Отношения Толстого с наукой привычно парадоксальны; третируя науку и медицину, он запишет в 1897 г. в дневнике: "Бывает в жизни у других что-нибудь серьезное, человеческое: ну, наука, служба, учительство, докторство, малые дети…" То есть наука и медицина могут быть и чем-то серьезным. Но, заметим, наука хороша не тем, что наука, а тем, что серьезна, необходима для души. Мир вовне – интересен, но важен, существенен, только тот, что внутри. Пространство мысли Толстого – этическое, но, вопреки всем усилиям толстовцев, оно остается неэвклидовым.
***
Толстой самый "еврейский" из русских классиков. Дело не в том, как и в каком контексте Толстой упоминал евреев. Евреи, правду сказать, интересовали его мало. Дело в толстовском восприятии действительности, в котором только моральные проблемы существенны.
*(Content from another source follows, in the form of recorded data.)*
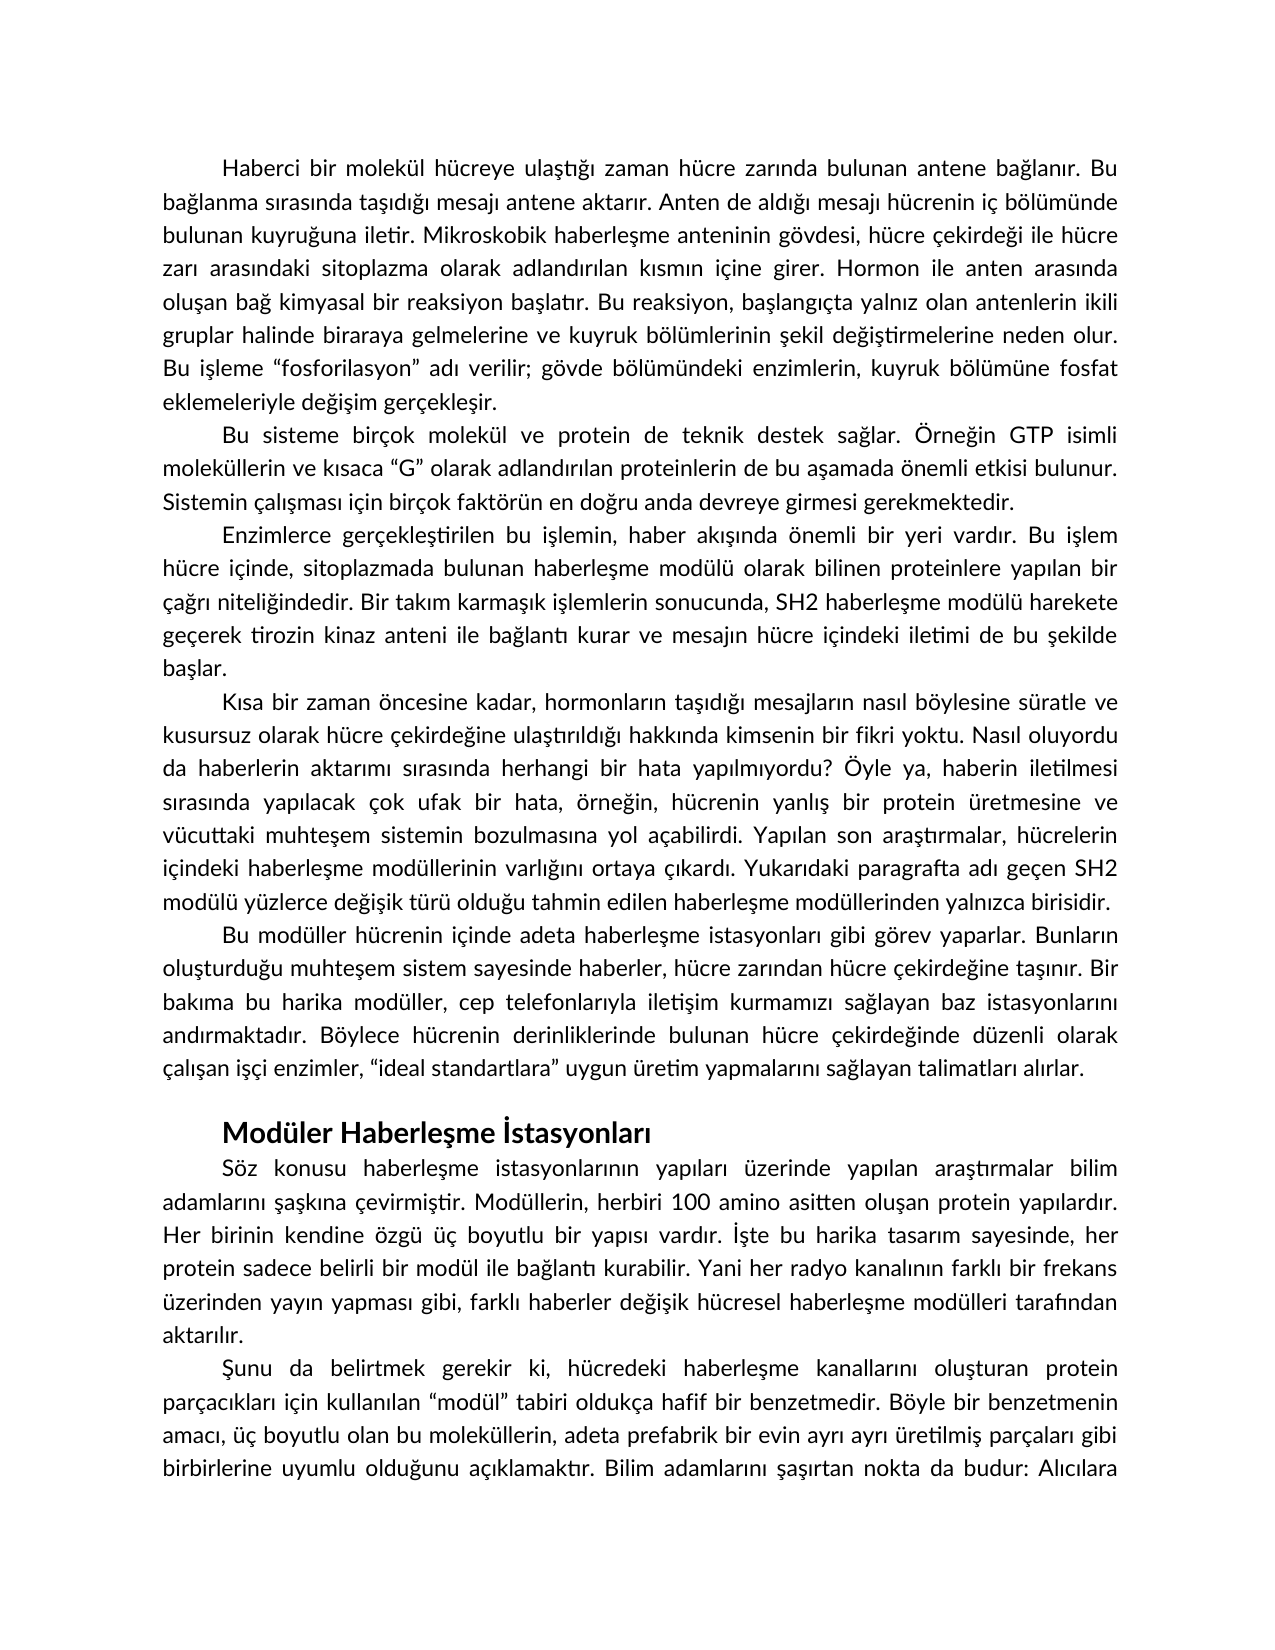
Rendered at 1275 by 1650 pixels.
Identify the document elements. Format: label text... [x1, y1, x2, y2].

text Şunu da belirtmek gerekir ki, hücredeki haberleşme kanallarını oluşturan protein parçacıkları için kullanılan “modül” tabiri oldukça hafif bir benzetmedir. Böyle bir benzetmenin amacı, üç boyutlu olan bu moleküllerin, adeta prefabrik bir evin ayrı ayrı üretilmiş parçaları gibi birbirlerine uyumlu olduğunu açıklamaktır. Bilim adamlarını şaşırtan nokta da budur: Alıcılara [162, 1350, 1119, 1483]
text Haberci bir molekül hücreye ulaştığı zaman hücre zarında bulunan antene bağlanır. Bu bağlanma sırasında taşıdığı mesajı antene aktarır. Anten de aldığı mesajı hücrenin iç bölümünde bulunan kuyruğuna iletir. Mikroskobik haberleşme anteninin gövdesi, hücre çekirdeği ile hücre zarı arasındaki sitoplazma olarak adlandırılan kısmın içine girer. Hormon ile anten arasında oluşan bağ kimyasal bir reaksiyon başlatır. Bu reaksiyon, başlangıçta yalnız olan antenlerin ikili gruplar halinde biraraya gelmelerine ve kuyruk bölümlerinin şekil değiştirmelerine neden olur. Bu işleme “fosforilasyon” adı verilir; gövde bölümündeki enzimlerin, kuyruk bölümüne fosfat eklemeleriyle değişim gerçekleşir. [162, 150, 1119, 417]
text Enzimlerce gerçekleştirilen bu işlemin, haber akışında önemli bir yeri vardır. Bu işlem hücre içinde, sitoplazmada bulunan haberleşme modülü olarak bilinen proteinlere yapılan bir çağrı niteliğindedir. Bir takım karmaşık işlemlerin sonucunda, SH2 haberleşme modülü harekete geçerek tirozin kinaz anteni ile bağlantı kurar ve mesajın hücre içindeki iletimi de bu şekilde başlar. [162, 517, 1119, 683]
text Söz konusu haberleşme istasyonlarının yapıları üzerinde yapılan araştırmalar bilim adamlarını şaşkına çevirmiştir. Modüllerin, herbiri 100 amino asitten oluşan protein yapılardır. Her birinin kendine özgü üç boyutlu bir yapısı vardır. İşte bu harika tasarım sayesinde, her protein sadece belirli bir modül ile bağlantı kurabilir. Yani her radyo kanalının farklı bir frekans üzerinden yayın yapması gibi, farklı haberler değişik hücresel haberleşme modülleri tarafından aktarılır. [162, 1150, 1119, 1350]
text Kısa bir zaman öncesine kadar, hormonların taşıdığı mesajların nasıl böylesine süratle ve kusursuz olarak hücre çekirdeğine ulaştırıldığı hakkında kimsenin bir fikri yoktu. Nasıl oluyordu da haberlerin aktarımı sırasında herhangi bir hata yapılmıyordu? Öyle ya, haberin iletilmesi sırasında yapılacak çok ufak bir hata, örneğin, hücrenin yanlış bir protein üretmesine ve vücuttaki muhteşem sistemin bozulmasına yol açabilirdi. Yapılan son araştırmalar, hücrelerin içindeki haberleşme modüllerinin varlığını ortaya çıkardı. Yukarıdaki paragrafta adı geçen SH2 modülü yüzlerce değişik türü olduğu tahmin edilen haberleşme modüllerinden yalnızca birisidir. [162, 683, 1119, 917]
text Bu sisteme birçok molekül ve protein de teknik destek sağlar. Örneğin GTP isimli moleküllerin ve kısaca “G” olarak adlandırılan proteinlerin de bu aşamada önemli etkisi bulunur. Sistemin çalışması için birçok faktörün en doğru anda devreye girmesi gerekmektedir. [162, 417, 1119, 517]
text Modüler Haberleşme İstasyonları [162, 1117, 1119, 1150]
text Bu modüller hücrenin içinde adeta haberleşme istasyonları gibi görev yaparlar. Bunların oluşturduğu muhteşem sistem sayesinde haberler, hücre zarından hücre çekirdeğine taşınır. Bir bakıma bu harika modüller, cep telefonlarıyla iletişim kurmamızı sağlayan baz istasyonlarını andırmaktadır. Böylece hücrenin derinliklerinde bulunan hücre çekirdeğinde düzenli olarak çalışan işçi enzimler, “ideal standartlara” uygun üretim yapmalarını sağlayan talimatları alırlar. [162, 917, 1119, 1083]
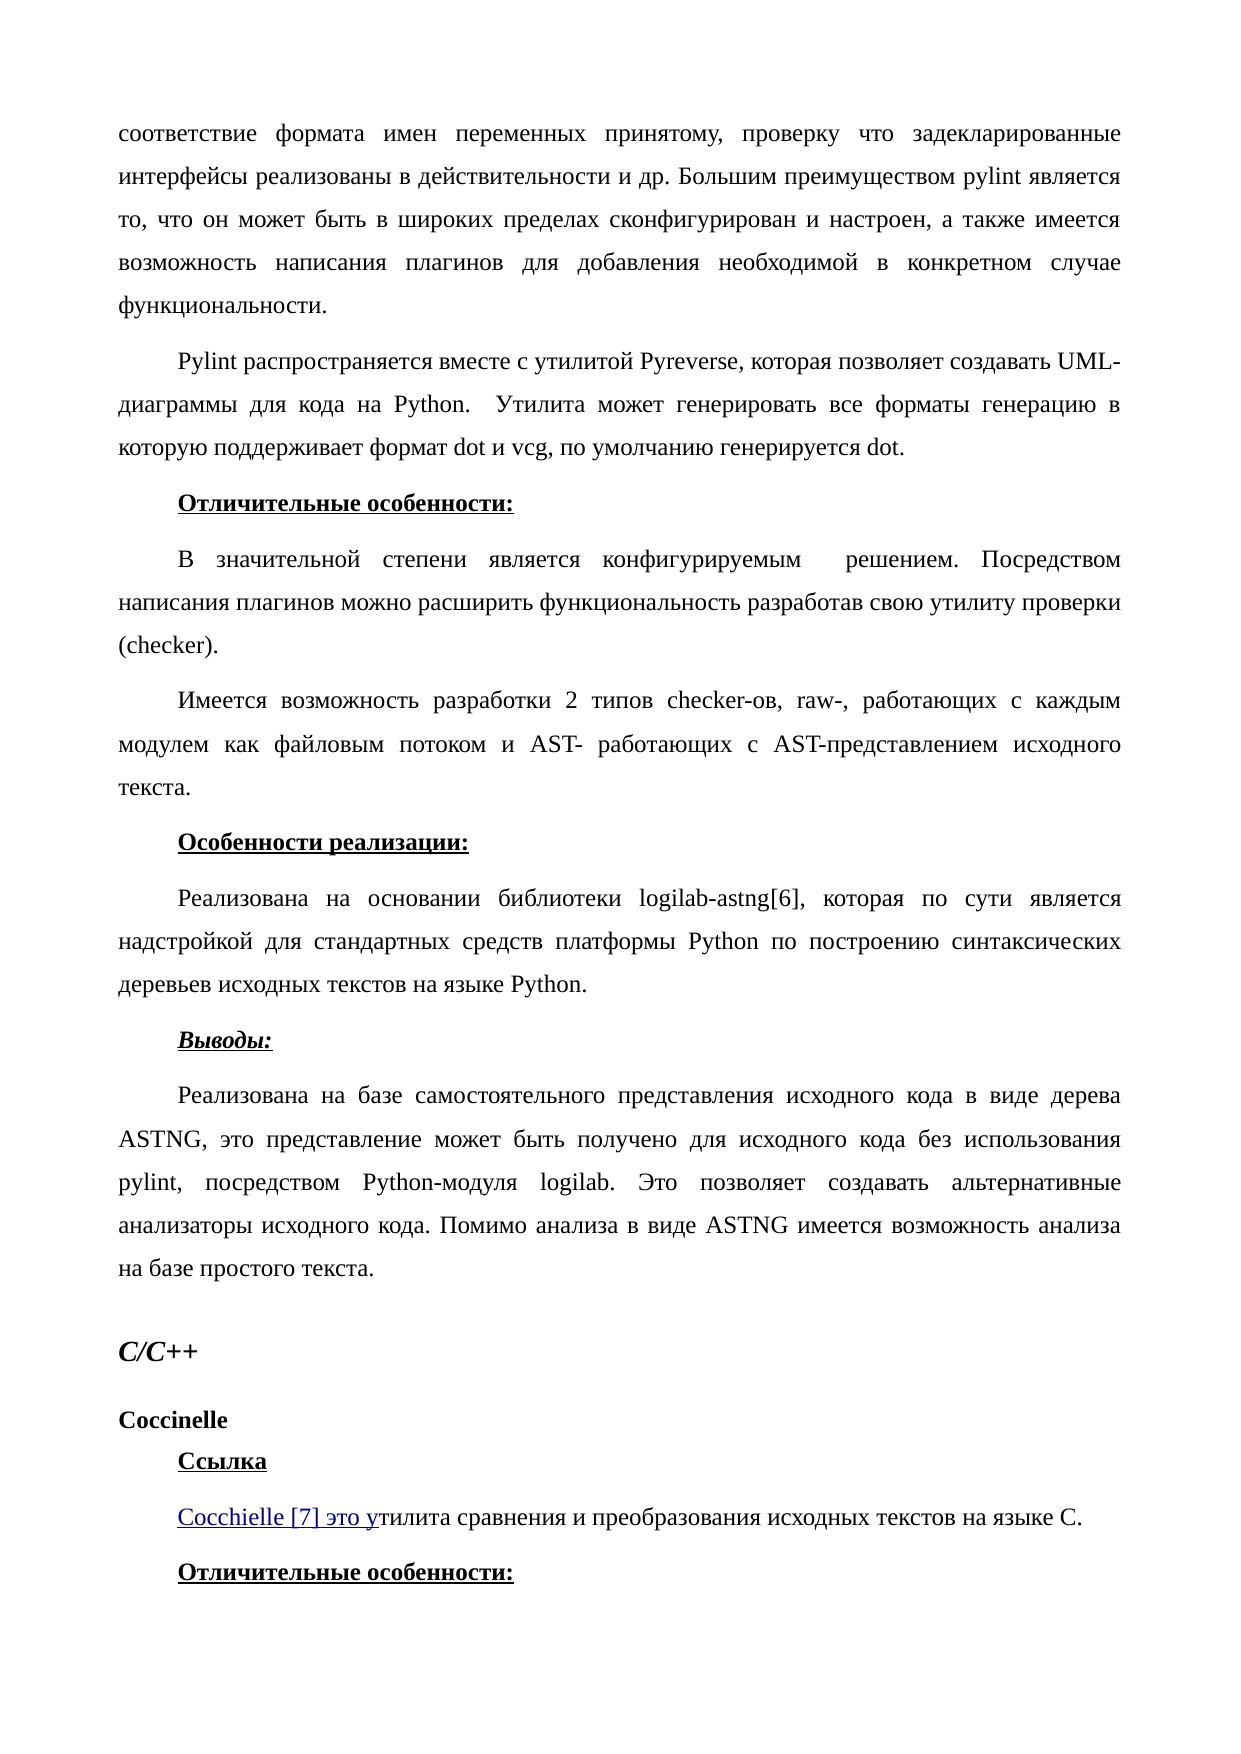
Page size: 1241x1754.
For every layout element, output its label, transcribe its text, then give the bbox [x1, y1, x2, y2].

text Особенности реализации: [118, 827, 1122, 856]
text Отличительные особенности: [118, 1557, 1122, 1586]
text Ссылка [118, 1446, 1122, 1475]
text Реализована на основании библиотеки logilab-astng[6], которая по сути является надстройкой для стандартных средств платформы Python по построению синтаксических деревьев исходных текстов на языке Python. [118, 883, 1122, 998]
text Pylint распространяется вместе с утилитой Pyreverse, которая позволяет создавать UML-диаграммы для кода на Python. Утилита может генерировать все форматы генерацию в которую поддерживает формат dot и vcg, по умолчанию генерируется dot. [118, 346, 1122, 461]
text Имеется возможность разработки 2 типов checker-ов, raw-, работающих с каждым модулем как файловым потоком и AST- работающих с AST-представлением исходного текста. [118, 686, 1122, 801]
subtitle С/С++ [118, 1334, 1122, 1367]
text Cocchielle [7] это утилита сравнения и преобразования исходных текстов на языке C. [118, 1502, 1122, 1530]
text Выводы: [118, 1025, 1122, 1054]
text соответствие формата имен переменных принятому, проверку что задекларированные интерфейсы реализованы в действительности и др. Большим преимуществом pylint является то, что он может быть в широких пределах сконфигурирован и настроен, а также имеется возможность написания плагинов для добавления необходимой в конкретном случае функциональности. [118, 118, 1122, 319]
text В значительной степени является конфигурируемым решением. Посредством написания плагинов можно расширить функциональность разработав свою утилиту проверки (checker). [118, 544, 1122, 659]
text Отличительные особенности: [118, 488, 1122, 517]
text Реализована на базе самостоятельного представления исходного кода в виде дерева ASTNG, это представление может быть получено для исходного кода без использования pylint, посредством Python-модуля logilab. Это позволяет создавать альтернативные анализаторы исходного кода. Помимо анализа в виде ASTNG имеется возможность анализа на базе простого текста. [118, 1081, 1122, 1282]
subtitle Coccinelle [118, 1405, 1122, 1433]

Как проницательно заметил А. Смирнов для традиционной еврейской мысли характерна "этизация бытия". Континуум бытия для евреев – этический континуум. Главные вопросы еврейской мысли не "из чего все это сделано", и "как это устроено", не "кто виноват?" и "что делать?", а "для чего все это существует?", и "что мы из этого учим"? Какой моральный урок может быть извлечен из данного набора фактов? Общность вопросов куда более важна для выявления фундаментального сходства, нежели сродство предлагаемых ответов.
***
Времени не подвластны ни "Война и мир", ни "Анна Каренина", ни чудные толстовские повести. Но, вроде бы от толстовского учения осталось немного. Какое уж толстовство после Освенцима? Почитавший себя толстовцем Ганди предлагал евреям не противиться нацизму насилием и с высоко поднятыми головами отправляться в печи. Можно отнести эту рекомендацию к тупости Ганди, и это толкование будет наиболее комплиментарным для великого учителя.
И все же в "сухом остатке" от толстовства осталось немало. Осталось понимание того, что учения, религии, идеологии слишком часто обрамляют жестокость и садизм, столь свойственные человеческой душе. И если нет элементарной доброты, то и всему учению – грош цена.